Hathora Migration Guide
This guide explains how to migrate from Hathora to GameFabric.
Related Documentation
What GameFabric offers
- Container-native workflow (e.g., Docker) with standard container registry
- Session-based and persistent hosting models
- Global capacity across 67+ bare metal and cloud locations
- Built-in DDoS protection with optional SteelShield upgrade
- Full observability via Grafana, Prometheus, Loki, and Pyroscope
- API and Terraform for infrastructure as code
Feature mapping
| Hathora Feature | GameFabric Equivalent | Value & Impact |
|---|---|---|
| Teams | Roles & Users | Granular control over permissions and access to all resources. |
| API Tokens | Service Accounts | API access with fine-tuned permission control via roles. |
| Fleet | Environments + Regions | Model regions with individual settings while isolating workloads. |
| Build | Branches + Images | Organize images via Branches; push directly as Docker images. |
| Application | ArmadaSets | The primary scaling unit for session-based games. |
| Deployment | ArmadaSet Revision | Runtime configuration versioning with rollback support. |
| Process | Replica | Individual game server instance within an ArmadaSet. |
| Room | Game Server / Allocation | Game server instances requested via the Allocator API. |
| CreateRoom API | Allocator API | Request game servers on demand with region and attribute matching. |
| Telemetry | Grafana Stack | Prometheus metrics, Loki logs, and Pyroscope profiling with long-term retention. |
Key architectural differences
Container Registry: GameFabric uses a standard Docker registry. Push images directly using
docker pushinstead of uploading tarballs with a Dockerfile. See Building a Container Image.Game Server Lifecycle: GameFabric uses Agones for game server orchestration. Integrate your game server with the Agones SDK to signal lifecycle state.

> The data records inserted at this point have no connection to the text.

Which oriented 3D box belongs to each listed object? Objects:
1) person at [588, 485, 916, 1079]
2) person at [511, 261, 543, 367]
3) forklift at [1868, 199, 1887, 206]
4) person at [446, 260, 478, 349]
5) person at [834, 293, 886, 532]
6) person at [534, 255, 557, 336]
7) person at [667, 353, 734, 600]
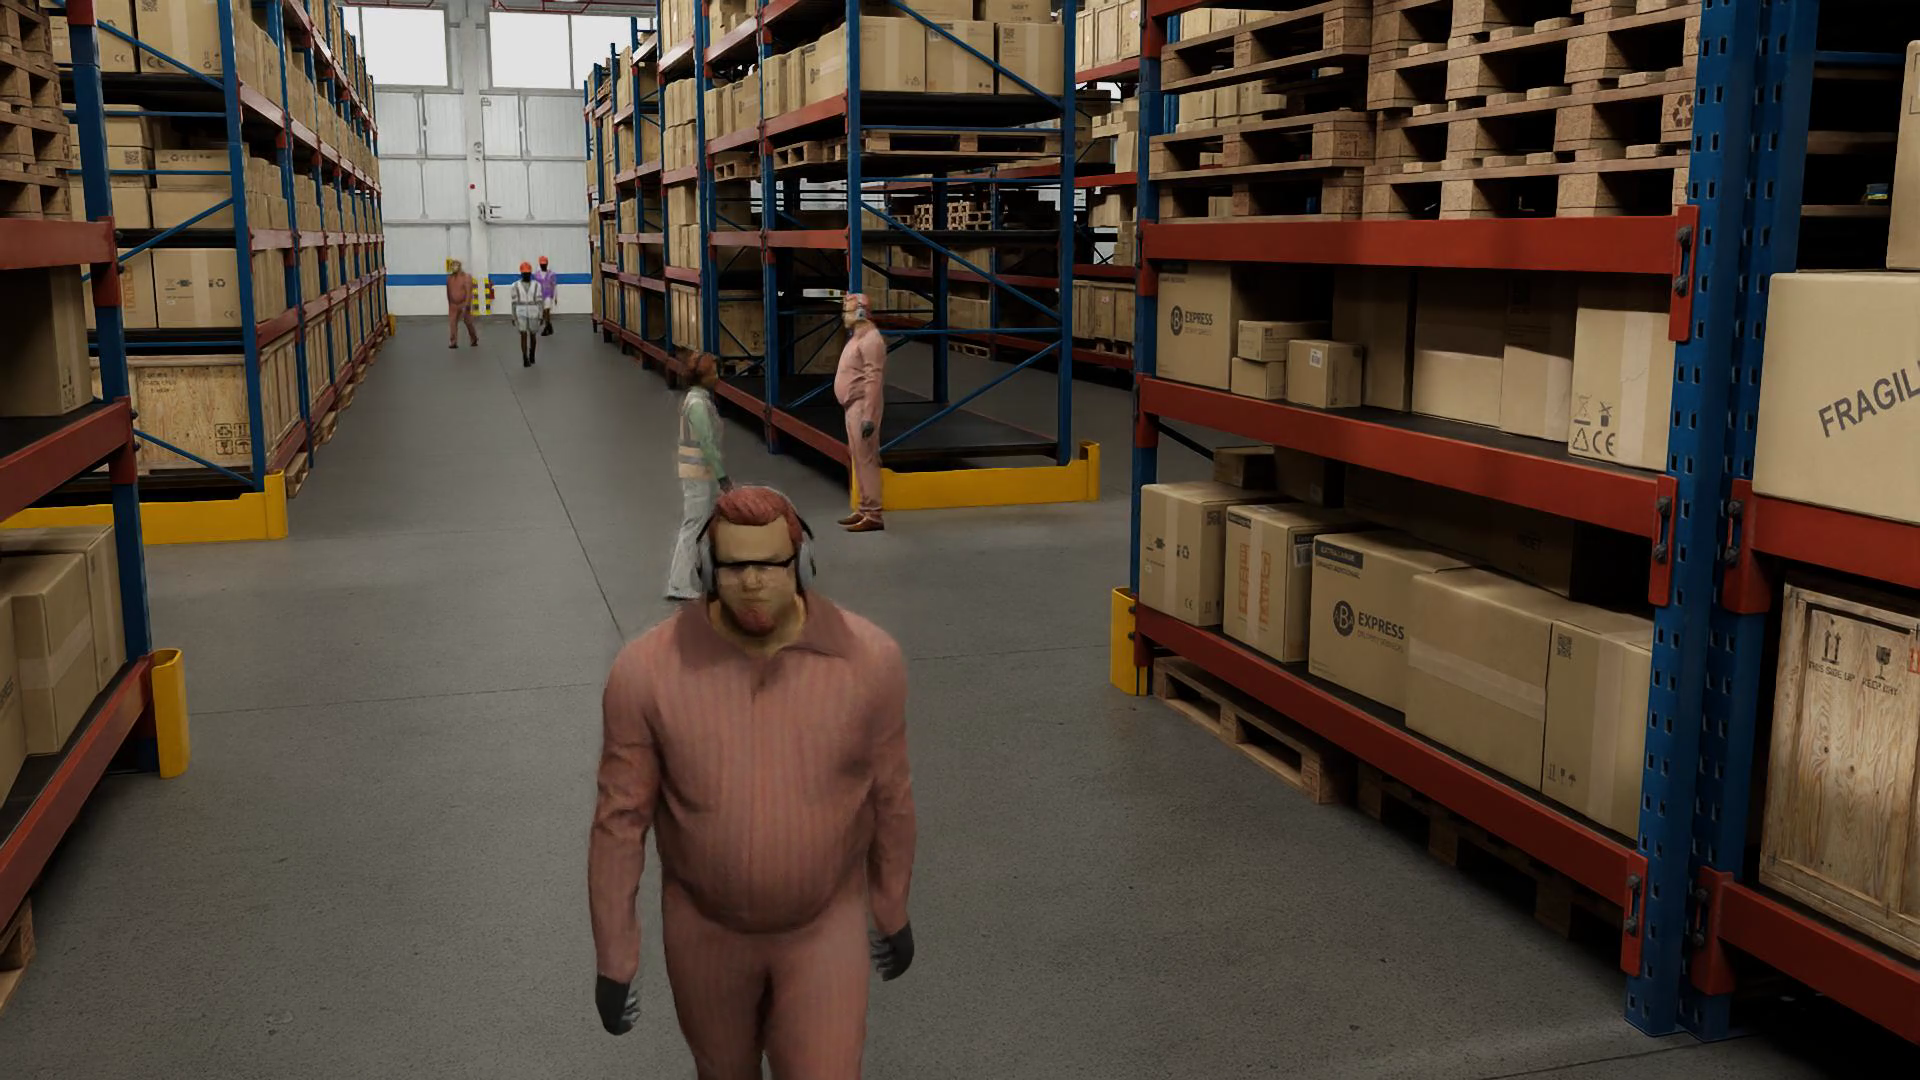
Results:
[{"bbox_3d":[-0.421,0.810,3.450,0.680,1.850,1.018,-1,10,-6],"label":"person"},{"bbox_3d":[-7.907,-4.130,30.391,0.551,1.915,0.807,-3,11,-18],"label":"person"},{"bbox_3d":[11.338,-2.915,21.052,1.129,2.768,1.873,-3,11,-17],"label":"forklift"},{"bbox_3d":[-10.614,-5.020,35.375,0.634,1.874,0.949,2,10,9],"label":"person"},{"bbox_3d":[-0.808,-1.021,13.343,0.403,1.904,0.652,-3,11,-14],"label":"person"},{"bbox_3d":[-9.870,-5.825,39.656,0.550,1.913,0.866,1,10,5],"label":"person"},{"bbox_3d":[-1.542,-0.407,10.788,0.753,1.605,0.533,-1,10,-3],"label":"person"}]
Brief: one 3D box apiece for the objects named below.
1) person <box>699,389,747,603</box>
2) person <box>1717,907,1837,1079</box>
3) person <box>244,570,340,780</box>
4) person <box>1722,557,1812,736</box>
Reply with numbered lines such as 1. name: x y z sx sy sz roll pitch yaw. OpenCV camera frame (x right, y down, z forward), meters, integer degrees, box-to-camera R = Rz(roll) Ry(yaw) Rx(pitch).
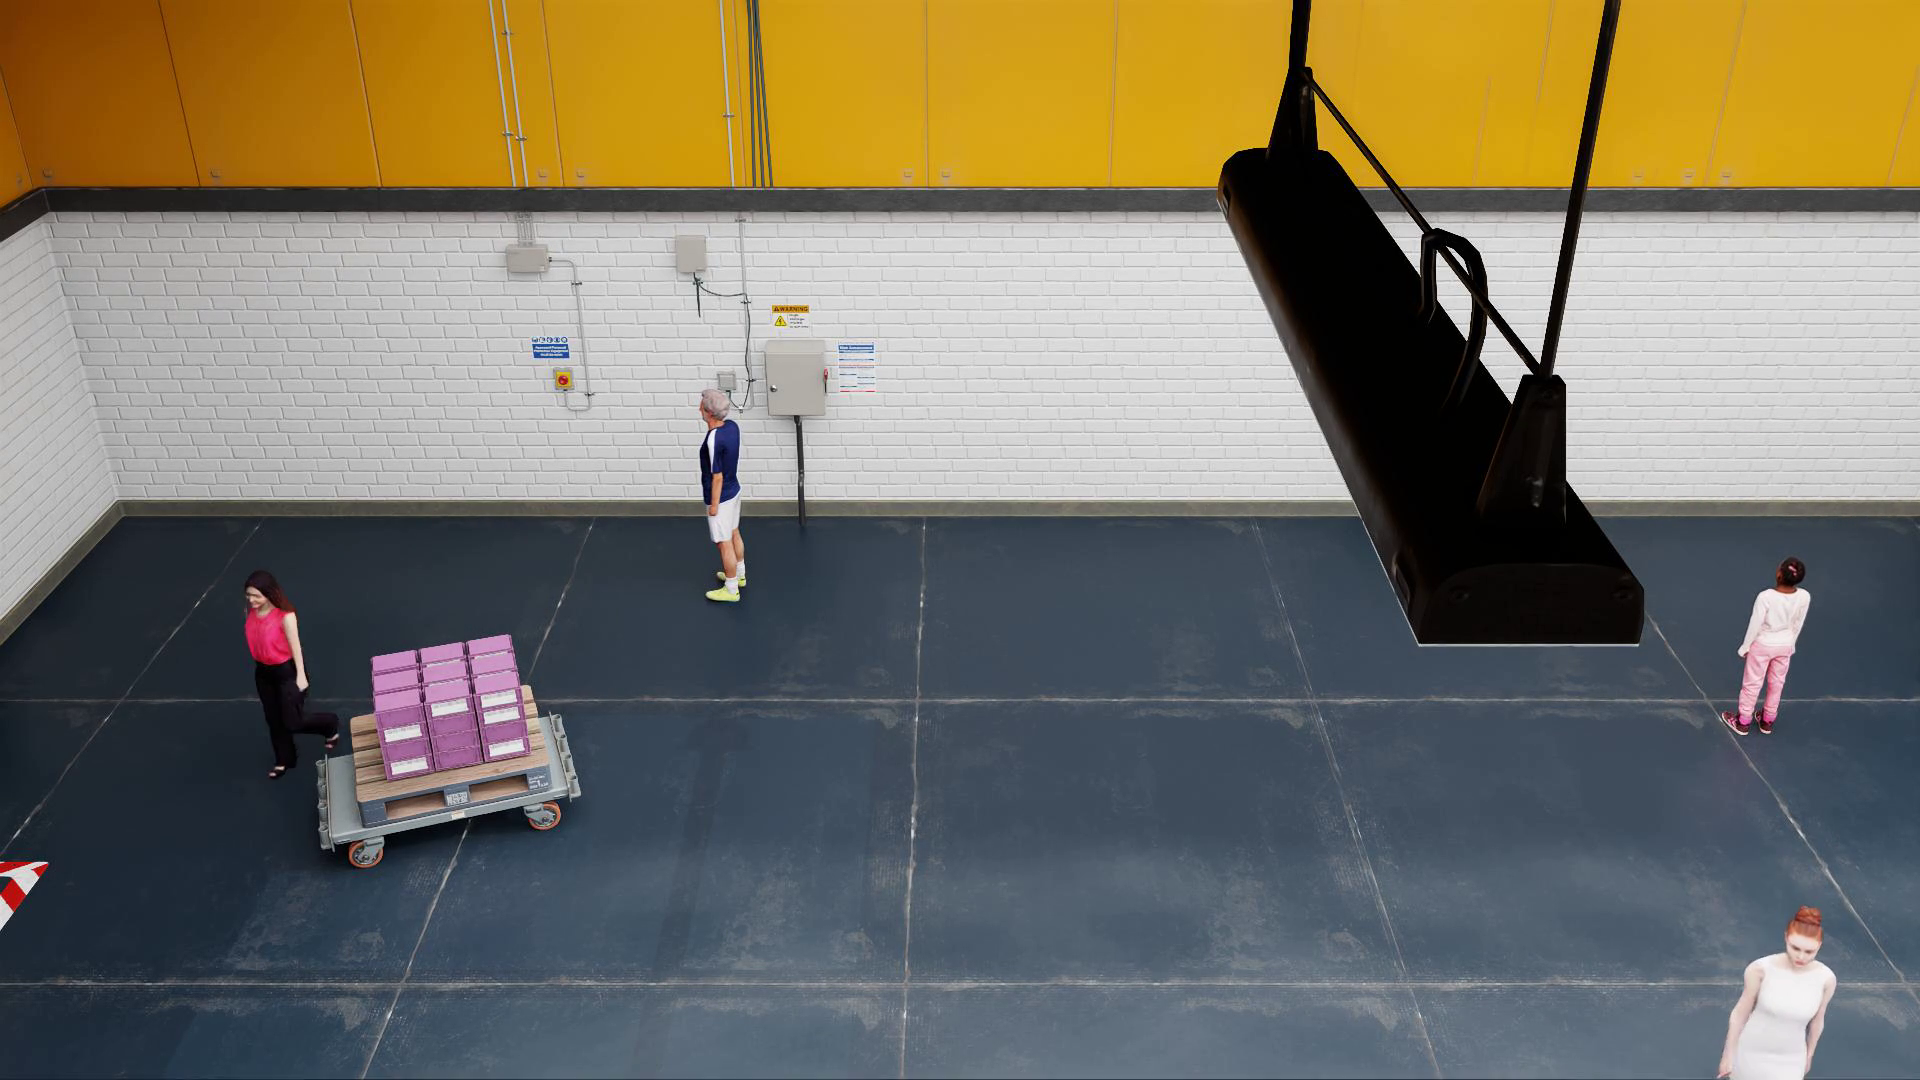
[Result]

Server Allocation: GameFabric offers the Allocator service for session-based matchmaking, or you can track game servers directly in your backend.
Migration steps
Prerequisites
Before starting the migration:
- GameFabric account access (you receive your organization URL during onboarding)
- Your existing game server Docker container
- Familiarity with Docker and container registries
- Understanding of the Agones SDK requirements
Step 1: Create service account
Create a Service Account for programmatic API access (replaces Hathora API Tokens):
- Navigate to Access Management > Users/Groups
- Create a Service Account for API access
- Assign appropriate permissions
- Store the generated credentials securely
See Service Accounts for details.
Step 2: Push container images
GameFabric uses a standard Docker registry workflow.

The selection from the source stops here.